Entrer en contact avec les joueuses a été complexe ?
Il a fallu retrouver leur trace. Et comme je partais de zéro, ça m’a pris presque un an. Je suis passé par la Fédération de volley et mon producteur William Jéhannin par l’Institut français au Japon. On a fini par entrer en contact avec une ancienne joueuse d’une génération plus récente, qui travaille sur les JO de Tokyo actuels. Elle nous a permis de contacter une des joueuses, puis de fil en aiguille, les autres. J’étais conscient des difficultés que cela présentait. D’abord parce que je ne parle pas du tout japonais. Ensuite parce que la plus jeune des joueuses a l’âge d’être ma maman. Je devais donc appréhender les usages et la culture des femmes japonaises des anciennes générations pour ne pas commettre d’impair.
Comment avez-vous fait ?
J’ai décidé de travailler avec l’interprète et traductrice Catherine Cadou que j’avais rencontrée lors d’un mon film sur Chris Marker, Regard neuf sur Olympia 52. Elle a 74 ans, l’âge de la plus jeune des joueuses de l’équipe, et elle a beaucoup vécu au Japon. Je lui ai demandé d’appeler les joueuses pour leur parler de mon désir de les rencontrer et leur expliquer ce que je souhaitais : qu’elles racontent leur aventure. Elle a su parfaitement s’y employer, créer des liens avec certaines et m’a permis de les rencontrer pour la première fois en juin 2019.

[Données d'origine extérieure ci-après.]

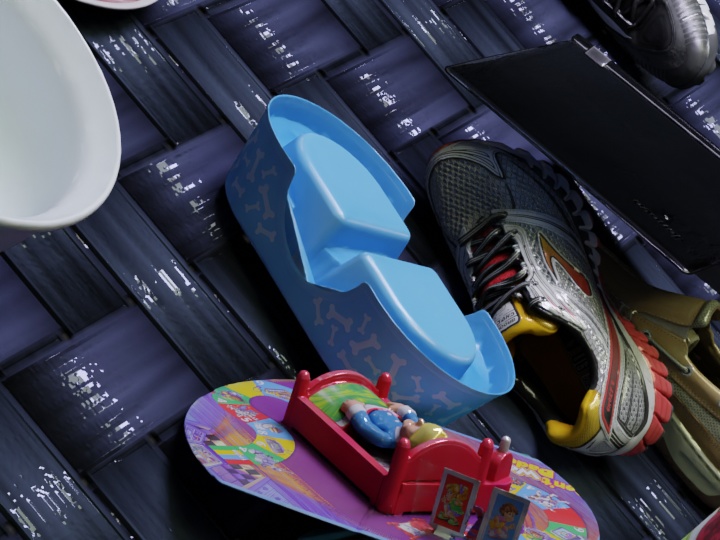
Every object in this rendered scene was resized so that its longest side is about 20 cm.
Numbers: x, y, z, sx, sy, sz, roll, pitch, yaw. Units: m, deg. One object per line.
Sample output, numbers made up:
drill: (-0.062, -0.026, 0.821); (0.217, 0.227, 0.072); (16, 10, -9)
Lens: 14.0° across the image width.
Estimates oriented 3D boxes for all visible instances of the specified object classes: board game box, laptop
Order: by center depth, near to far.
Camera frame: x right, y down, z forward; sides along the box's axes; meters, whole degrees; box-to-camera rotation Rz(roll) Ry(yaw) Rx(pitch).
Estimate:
board game box: (0.021, 0.078, 1.349); (0.199, 0.039, 0.158); (20, 19, 7)
laptop: (0.150, -0.035, 1.678); (0.116, 0.200, 0.187); (-38, 65, -21)

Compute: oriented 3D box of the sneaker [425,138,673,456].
sneaker: (0.095, 0.011, 1.594); (0.082, 0.078, 0.200); (-5, 57, -54)

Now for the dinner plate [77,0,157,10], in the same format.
dinner plate: (-0.181, -0.212, 1.554); (0.200, 0.024, 0.201); (33, 31, -23)

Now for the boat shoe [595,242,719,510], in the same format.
boat shoe: (0.176, 0.038, 1.672); (0.200, 0.076, 0.072); (50, 30, 6)

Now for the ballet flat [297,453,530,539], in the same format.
ballet flat: (0.030, 0.136, 1.381); (0.200, 0.070, 0.066); (-16, 94, -56)

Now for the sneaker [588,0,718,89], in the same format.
sneaker: (0.167, -0.200, 1.979); (0.090, 0.066, 0.200); (10, 42, -44)

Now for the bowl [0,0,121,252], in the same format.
bowl: (-0.209, -0.074, 1.271); (0.201, 0.090, 0.201); (35, 31, -24)

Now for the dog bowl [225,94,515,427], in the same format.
dog bowl: (0.000, 0.000, 1.490); (0.111, 0.050, 0.200); (13, 39, -55)

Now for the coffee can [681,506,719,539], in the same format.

Quel souvenir gardez-vous de ces premiers rendez-vous ?
Je ne voulais pas débarquer comme une équipe de télévision. Je suis venu sans caméra, juste avec un ingénieur du son pour enregistrer leurs propos et ceux de Catherine. J’avais même posé le micro sur la table car le micro-cravate me semblait trop intrusif. Quatre d’entre elles ont accepté de nous recevoir chez elles. Ce qui était déjà énorme. Et j’ai demandé à chacune de raconter, dans la chronologie, leur histoire commune. Comme celle-ci est peu connue, je tenais à ce qu’on puisse en comprendre le cheminement jusqu’à la victoire finale.
Comment avez-vous choisi ces quatre volleyeuses ?
Dans l’équipe de 1964, deux joueuses sont décédées. Il restait donc quatre titulaires. L’une se déplace désormais en fauteuil roulant et ne souhaitait pas être filmée ainsi. Dans le film, on entend sa voix au téléphone. Sa présence était indispensable, sinon cela aurait été comme faire un film sur l’équipe de France de football 1998 sans Zidane. Parmi les trois autres titulaires, l’une n’a pas pu se libérer mais m’a demandé par la suite d’être présente dans le film. Et j’ai pu aussi parler à deux remplaçantes qui ont joué tous les matchs sauf la finale.
Qu’est-ce qui vous a frappé en les rencontrant ?
Par leur culture, elles sont dans la retenue et ont tendance à minimiser leurs exploits. Chez elles, tout passe souvent par leurs rires, que j’adore, plus que par les mots.
Qu’avez-vous fait de ces enregistrements ?
Je suis revenu en France. Catherine m’a tout traduit. J’ai sélectionné des extraits de manière équilibrée pour que les quatre joueuses soient représentées à parts égales. Puis je suis reparti au Japon tourner à la fois la scène où elles se retrouvent toutes autour d’une table, et chacune individuellement, dans un lieu qu’elles avaient choisi. L’une dans la salle de gym où elle se rend tous les jours, une autre dans la salle où elle continue à jouer et s’entraîner au volley… Avec évidemment l’idée d’une correspondance entre ces lieux et ce qu’elles raconteraient à l’écran.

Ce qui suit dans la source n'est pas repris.